Walters has a purely combinatorial proof of the Poly VDW Theorem (Combinatorial Proofs of the Polynomial van der Waerden Theorem and the Polynomial Hales-Jewitt Theorem Journal of the London Math Society, Vol 61, 2000, 1-12.)

The proof used an $\omega^\omega$ ordering as follows.

For every finite set $F\subseteq Z[x]$ such that $(\forall p\in F)[p(0)=0]$ we associate a tuple $(n_e,\ldots,n_1)$ where the largest degree polynomial in $F$ is degree $e$, and, for all $i$, $1\le i\le e$, $n_i$ is the number of different coefficients of $x^i$ that occur in polynomials of degree $i$ in $F$.

Let $PVDW(n_e,\ldots,n_1)$ mean that Poly VDW holds for all sets of polys $F$ of type $(n_e,\ldots,n_1)$. The ordinary VDW theorem can be viewed as $\bigwedge_{i=1}^\infty PDVW(i)$.

The Poly VDW is proven by induction on the following $\omega^\omega$-ordering. Let $\sigma, \tau \in N^*$.

1. If $|\sigma| < |\tau|$ then $\sigma \preceq \tau$.
   
2. If $|\sigma|=|\tau|$ then order lexicographically. (e.g., $(2,3,4,999,10^{100}) < (2,3,5,1,0,0)$)
   

Having stated the Poly VDW one can now state a version of VDW over any infinite Commutative Ring $R$ (think Reals).

Gen Poly VDW:
Let $R$ any infinite commutative ring. For all $c\in N$, for all $p_1,\ldots,p_k \in R[x]$ such that $(\forall i)[p_i(0)=0]$, for any $c$-coloring $COL: R\rightarrow [c]$ there exists $a,d\in R$, $d\ne 0$, such that

$COL(a) = COL(a+p_1(d)) = COL(a+p_2(d)) = \cdots = COL(a+p_k(d)).$

This was proven by by Bergelson and Liebman (Set-polynomials and Polynomial extension of the Hales-Jewett Theorem, Annals of Math, Vol. 150, 1999, 33-75.}

The proof is in two steps

• Prove the Poly Hales-Jewett Theorem (henceforth Poly HJ). (This proof is not elementary.)
  
• Prove Gen Poly VDW from Poly HJ.
  (This part was elementary.)
  

There is a purely combinatorial proof of the Gen Poly VDW theorem, though it is not stated in the literature:

• Walters has a combinatorial proof of the Poly Hales Jewitt Theorem in the paper of his mentioned above.
  
  
• As noted above, Bergelson and Leibman showed how to get from the Poly HJ Theorem to the Gen Poly VDW Theorem.
  

Coda 1:
Green and Tao proved that the set of primes has arbitrarily long arithmetic progressions.
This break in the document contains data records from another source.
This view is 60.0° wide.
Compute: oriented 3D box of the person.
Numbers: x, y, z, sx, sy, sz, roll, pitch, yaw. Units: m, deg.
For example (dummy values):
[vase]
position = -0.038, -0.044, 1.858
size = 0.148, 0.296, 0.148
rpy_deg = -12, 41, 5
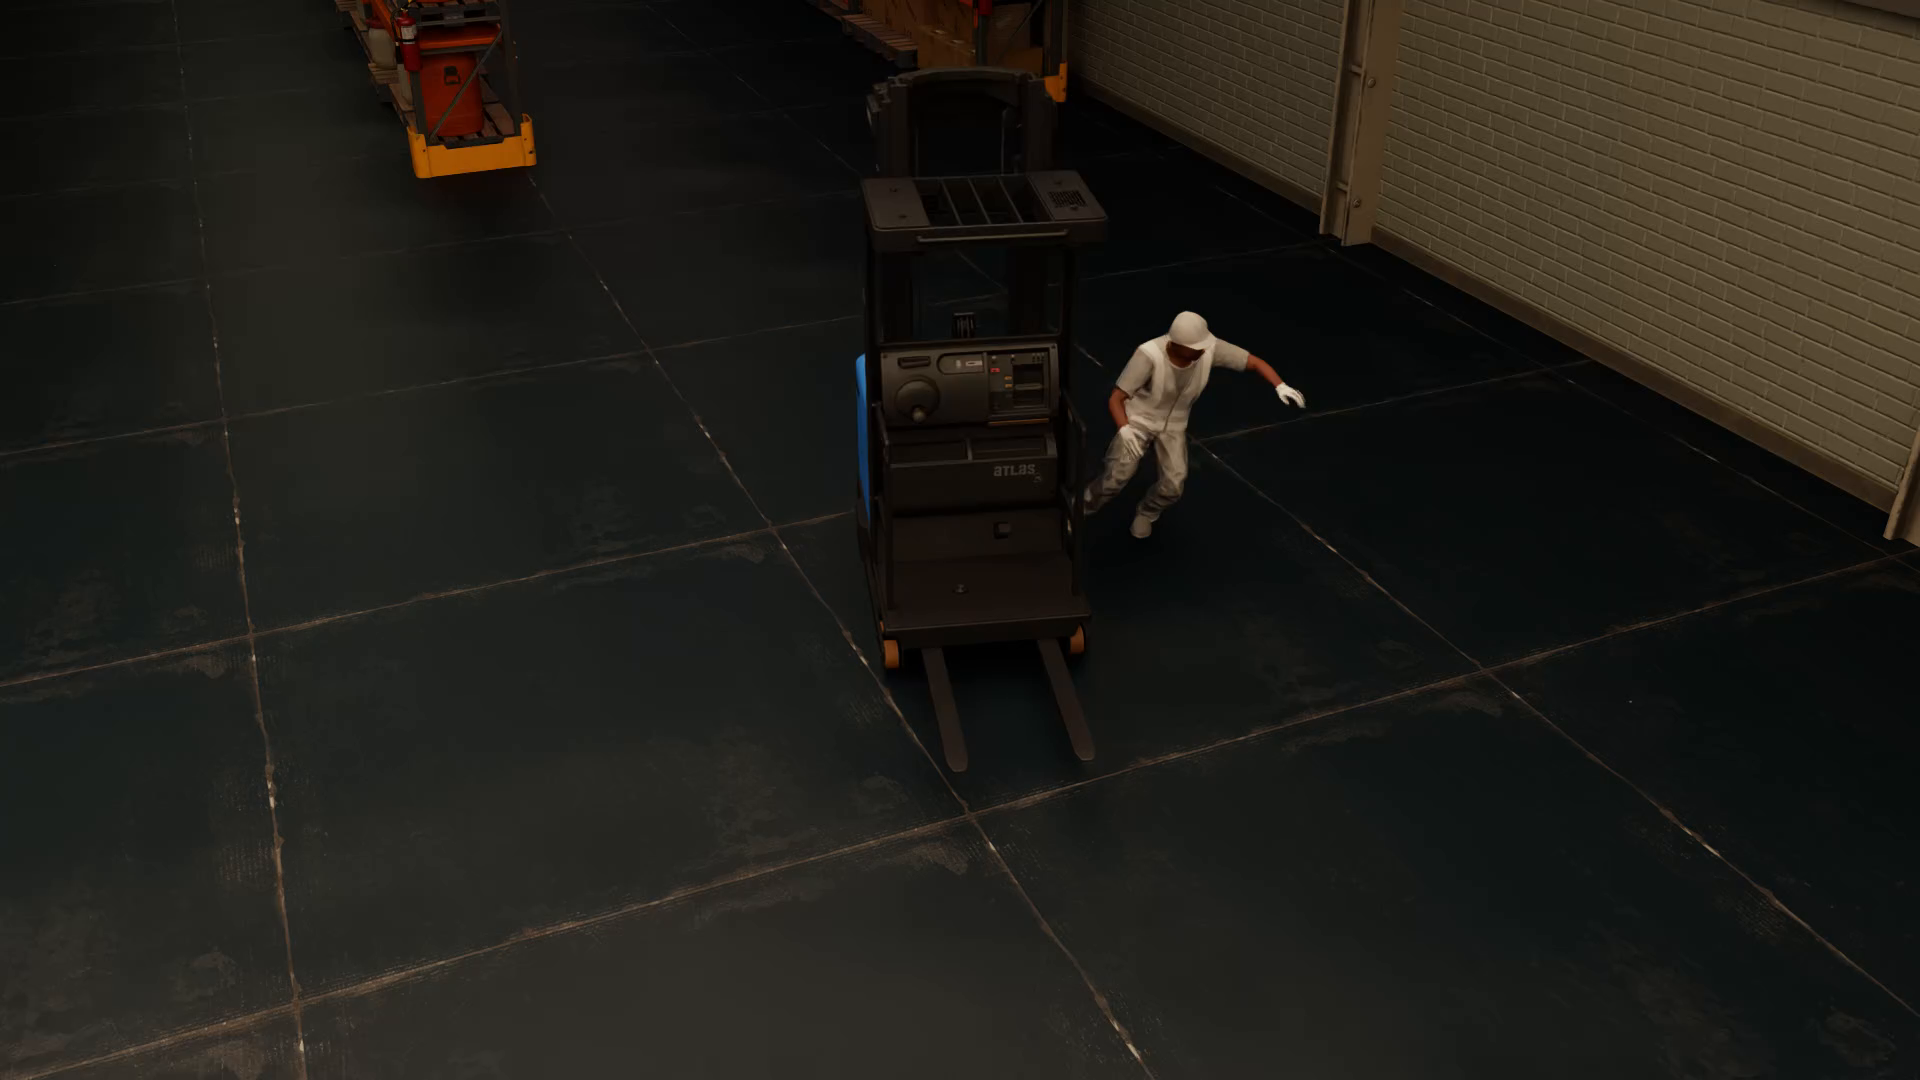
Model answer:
[person]
position = 1.143, -0.617, 9.611
size = 1.463, 1.480, 0.874
rpy_deg = -8, 31, -14

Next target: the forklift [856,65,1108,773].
[forklift]
position = 0.087, -0.768, 8.463
size = 1.130, 2.935, 3.031
rpy_deg = -4, 30, -7

More recently, Tao and Ziegler: have shown the following:

For any $p_1,\ldots, p_k \in Z[x]$ such that $(\forall i)[p_i(0)=0]$, there exists $a,d\in Z$, $d\ne 0$, such that

$a, a+p_1(d), a+p_2(d), \cdots a+p_k(d)$ are all prime

Coda 2:
The Maryland Math Olympiad is in two parts. Part I is 25 multiple choice questions (but some are quite hard). If you do well on part I then you can take part II which is 5 problems that need proof. We try to number the problems in order of difficulty. I placed the following problem on the 2006 High School Maryland Math Olympiad, as problem 5:

Let $COL$ be a 3-coloring of $\{1,\ldots,2006\}$. Show that there exists $x,y$ such that $COL(x)=COL(y)$ and $|x-y|$ is a square.

Of the 240 students who took the exam around 180 tried this one. Of those 5 got it right and 10 got partial credit. The proof I had in mind (which is the one the students used who got it right) is not a scaled down version of the proof of the poly VDW. I leave it to the reader to see if they can prove this.